Do you know the ancient proverb that says “If you want to really understand something, parse or generate it!”. Just kidding :) I made that up. But doesn’t make less true through.

This post briefly explains BNF and how Lark uses it to build AST(Abstract syntax tree) which is basically the biggest computer science-y part of the job.

BNF Link to heading

BNF is used to define formal specifications of context-free grammars using Production Rules and Terminal symbols. In this example from wiki, twelve is a production rule to terminals "1" and "2"

twelve                          = "1", "2" ;
two hundred one                 = "2", "0", "1" ;
three hundred twelve            = "3", twelve ;
twelve thousand two hundred one = twelve, two hundred one ;

Standards like 1800 use BNF heavily to define language syntax (semantics is decribed by natural language whenever needed). So, parsers know what’s legal and what’s not.

Lark Link to heading

Lark is a python library to parse text based on CFG(context-free grammars). I will just copy from Lark docs.

What can it do?

Parse all context-free grammars, and handle any ambiguity gracefully

Build an annotated parse-tree automagically, no construction code required.
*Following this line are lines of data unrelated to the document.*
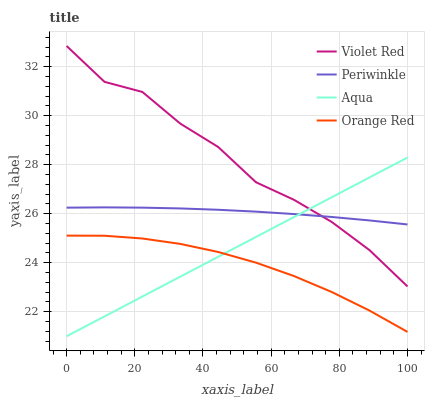Does Orange Red have the minimum area under the curve?
Answer yes or no. Yes. Does Violet Red have the maximum area under the curve?
Answer yes or no. Yes. Does Periwinkle have the minimum area under the curve?
Answer yes or no. No. Does Periwinkle have the maximum area under the curve?
Answer yes or no. No. Is Aqua the smoothest?
Answer yes or no. Yes. Is Violet Red the roughest?
Answer yes or no. Yes. Is Periwinkle the smoothest?
Answer yes or no. No. Is Periwinkle the roughest?
Answer yes or no. No. Does Aqua have the lowest value?
Answer yes or no. Yes. Does Violet Red have the lowest value?
Answer yes or no. No. Does Violet Red have the highest value?
Answer yes or no. Yes. Does Periwinkle have the highest value?
Answer yes or no. No. Is Orange Red less than Periwinkle?
Answer yes or no. Yes. Is Periwinkle greater than Orange Red?
Answer yes or no. Yes. Does Aqua intersect Periwinkle?
Answer yes or no. Yes. Is Aqua less than Periwinkle?
Answer yes or no. No. Is Aqua greater than Periwinkle?
Answer yes or no. No. Does Orange Red intersect Periwinkle?
Answer yes or no. No.

Provide first-rate performance in terms of both Big-O complexity and measured run-time (considering that this is Python ;)

Run on every Python interpreter (it’s pure-python)

Generate a stand-alone parser (for LALR(1) grammars)

The important part is that Lark parses context-free grammars which can be written in EBNF and generates AST parse tree. Then Transformers can be written to shape the generated tree.

To use lark, Lark needs the grammar and start symbol.

from lark import Lark

GRAMMAR = """
body: foobar [optional] | bar
foobar: CNAME
bar: "fff"
optional: "dd"

%import common.WS
%import common.CNAME
 %ignore WS
"""

code = """
ggg
"""
parser = Lark(GRAMMAR, start='body')
ast_tree = parser.parse(code)

print(ast_tree.pretty())
print(ast_tree)

In this example. i am using lark CNAME which is identifier as terminal for the rule foobar. When printing the AST tree, CNAME takes ggg as it is matched by the production rule.

body
  foobar	ggg

Tree('body', [Tree('foobar', [Token('CNAME', 'ggg')])])

Lark Grammar Link to heading

Lark grammar can be found at docs. Basically, it combines EBNF and regex to provide clean pythonic way to parse text

  • rule
  • TERMINAL
  • “string literal” or /regexp literal/
  • (item item ..) - Group items
  • [item item ..] - Maybe. Same as (item item ..)?, but when maybe_placeholders=True, generates None if there is no match.
  • item? - Zero or one instances of item (”maybe”)
  • item* - Zero or more instances of item
  • item+ - One or more instances of item

For example, This is more complicated production rule for SVA sequence with optional, grouping and literal strings.

sequence_port_item: ( attribute_instance )* [ "local" [ sequence_lvar_port_direction ] ] sequence_formal_type formal_port_identifier (variable_dimension)* [ "=" sequence_actual_arg ]

That’s it. Happy Parsing!